§ **YOUR TASK**: Retype the entries below word for word, leaving none out.

§ **INFORMATION GIVEN**:

○ ○ ○ ○

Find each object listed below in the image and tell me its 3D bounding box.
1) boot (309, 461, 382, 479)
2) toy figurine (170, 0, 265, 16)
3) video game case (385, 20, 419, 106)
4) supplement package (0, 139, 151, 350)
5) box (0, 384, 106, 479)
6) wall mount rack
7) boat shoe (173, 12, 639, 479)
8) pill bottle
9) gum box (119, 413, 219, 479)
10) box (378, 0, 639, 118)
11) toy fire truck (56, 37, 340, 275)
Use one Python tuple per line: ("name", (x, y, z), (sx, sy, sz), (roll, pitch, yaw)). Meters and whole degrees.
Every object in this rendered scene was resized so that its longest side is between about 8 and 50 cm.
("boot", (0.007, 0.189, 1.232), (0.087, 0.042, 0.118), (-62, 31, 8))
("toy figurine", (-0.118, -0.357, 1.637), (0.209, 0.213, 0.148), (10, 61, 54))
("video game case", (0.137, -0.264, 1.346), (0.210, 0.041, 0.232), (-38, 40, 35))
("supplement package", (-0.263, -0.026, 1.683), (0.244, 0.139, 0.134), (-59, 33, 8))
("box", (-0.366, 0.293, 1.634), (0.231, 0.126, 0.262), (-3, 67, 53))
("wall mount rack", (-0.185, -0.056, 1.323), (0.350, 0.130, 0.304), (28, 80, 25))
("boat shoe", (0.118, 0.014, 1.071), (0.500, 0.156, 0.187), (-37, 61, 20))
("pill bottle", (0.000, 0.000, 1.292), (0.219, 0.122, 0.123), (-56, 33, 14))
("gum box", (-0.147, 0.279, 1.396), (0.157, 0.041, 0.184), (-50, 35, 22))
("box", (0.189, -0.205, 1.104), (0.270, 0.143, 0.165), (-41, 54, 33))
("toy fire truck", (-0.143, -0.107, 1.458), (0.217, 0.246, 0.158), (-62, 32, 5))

○ ○ ○ ○

§ **EXERCISE ANSWER**:
Find each object listed below in the image and tell me its 3D bounding box.
1) boot (309, 461, 382, 479)
2) toy figurine (170, 0, 265, 16)
3) video game case (385, 20, 419, 106)
4) supplement package (0, 139, 151, 350)
5) box (0, 384, 106, 479)
6) wall mount rack
7) boat shoe (173, 12, 639, 479)
8) pill bottle
9) gum box (119, 413, 219, 479)
10) box (378, 0, 639, 118)
11) toy fire truck (56, 37, 340, 275)
Use one Python tuple per line: ("name", (x, y, z), (sx, sy, sz), (roll, pitch, yaw)). Meters and whole degrees.
Every object in this rendered scene was resized so that its longest side is between about 8 and 50 cm.
("boot", (0.007, 0.189, 1.232), (0.087, 0.042, 0.118), (-62, 31, 8))
("toy figurine", (-0.118, -0.357, 1.637), (0.209, 0.213, 0.148), (10, 61, 54))
("video game case", (0.137, -0.264, 1.346), (0.210, 0.041, 0.232), (-38, 40, 35))
("supplement package", (-0.263, -0.026, 1.683), (0.244, 0.139, 0.134), (-59, 33, 8))
("box", (-0.366, 0.293, 1.634), (0.231, 0.126, 0.262), (-3, 67, 53))
("wall mount rack", (-0.185, -0.056, 1.323), (0.350, 0.130, 0.304), (28, 80, 25))
("boat shoe", (0.118, 0.014, 1.071), (0.500, 0.156, 0.187), (-37, 61, 20))
("pill bottle", (0.000, 0.000, 1.292), (0.219, 0.122, 0.123), (-56, 33, 14))
("gum box", (-0.147, 0.279, 1.396), (0.157, 0.041, 0.184), (-50, 35, 22))
("box", (0.189, -0.205, 1.104), (0.270, 0.143, 0.165), (-41, 54, 33))
("toy fire truck", (-0.143, -0.107, 1.458), (0.217, 0.246, 0.158), (-62, 32, 5))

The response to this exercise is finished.